ECLI:NL:RBDHA:2023:7010
Rechtbank Den Haag
- Eerste aanleg - enkelvoudig
- Rechtspraak.nl
Oordeel over inreisverbod en gelijkheidsbeginsel in bestuursrechtelijke procedure
In deze zaak heeft de Rechtbank Den Haag op 17 april 2023 uitspraak gedaan in een bestuursrechtelijke procedure betreffende een inreisverbod opgelegd aan een Oezbeekse eiser. De eiser, die op 24 januari 2023 zonder rechtmatig verblijf in Nederland was aangetroffen, kreeg een terugkeerbesluit en een inreisverbod voor de duur van twee jaar. Eiser heeft beroep ingesteld tegen dit besluit, maar verscheen niet op de zitting. De rechtbank heeft het beroep behandeld en de argumenten van eiser beoordeeld.
Eiser voerde aan dat de ophouding door de arbeidsinspectie onrechtmatig was en dat het inreisverbod in strijd was met het gelijkheidsbeginsel, omdat andere Oezbeken in een vergelijkbare situatie geen of een korter inreisverbod kregen. De rechtbank oordeelde dat de beroepsgrond over de onrechtmatigheid van de ophouding niet slaagde, verwijzend naar een eerdere uitspraak. Wat betreft het gelijkheidsbeginsel, stelde de rechtbank vast dat er een ambtelijke misslag was geweest, maar dat dit niet leidde tot herhaling van de misslag. De rechtbank concludeerde dat het gelijkheidsbeginsel niet zo ver strekt dat een ambtelijke misslag moet worden herhaald.

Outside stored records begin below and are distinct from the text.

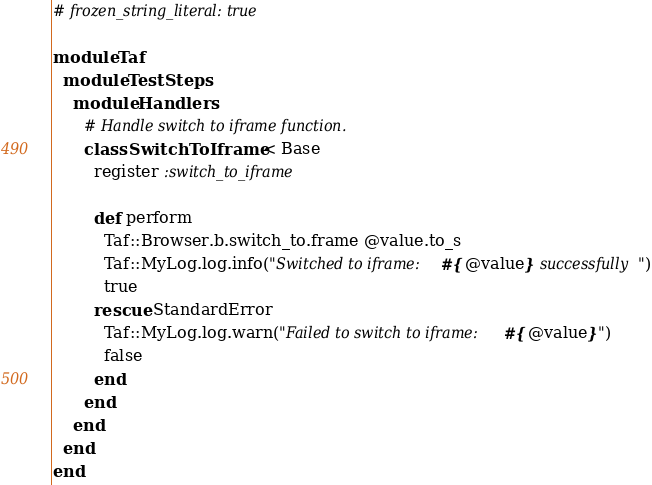<code> <loc_0><loc_0><loc_500><loc_500><_Ruby_># frozen_string_literal: true

module Taf
  module TestSteps
    module Handlers
      # Handle switch to iframe function.
      class SwitchToIframe < Base
        register :switch_to_iframe

        def perform
          Taf::Browser.b.switch_to.frame @value.to_s
          Taf::MyLog.log.info("Switched to iframe: #{@value} successfully")
          true
        rescue StandardError
          Taf::MyLog.log.warn("Failed to switch to iframe: #{@value}")
          false
        end
      end
    end
  end
end
</code> 
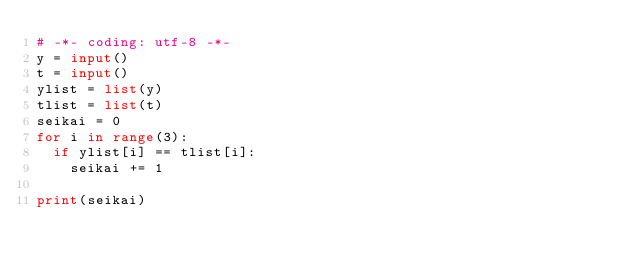Convert code to text. <code><loc_0><loc_0><loc_500><loc_500><_Python_># -*- coding: utf-8 -*-
y = input()
t = input()
ylist = list(y)
tlist = list(t)
seikai = 0
for i in range(3):
  if ylist[i] == tlist[i]:
    seikai += 1
    
print(seikai)</code> 
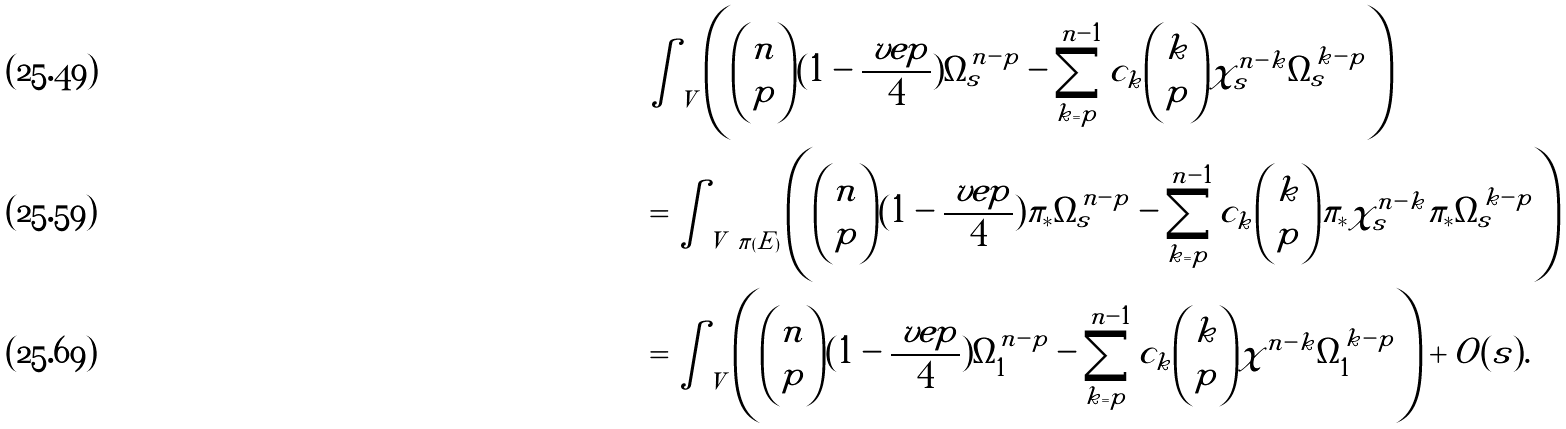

Daarnaast voerde eiser aan dat zijn persoonlijke omstandigheden aanleiding moesten geven om van het inreisverbod af te zien of de duur ervan te verkorten. De rechtbank oordeelde dat eiser op de hoogte was van de mogelijkheid om bijzondere omstandigheden aan te voeren, maar dat hij dit niet had gedaan tijdens het gehoor. De rechtbank kon de in beroep alsnog gestelde belangen niet in de beoordeling betrekken. Uiteindelijk verklaarde de rechtbank het beroep ongegrond en wees een proceskostenveroordeling af.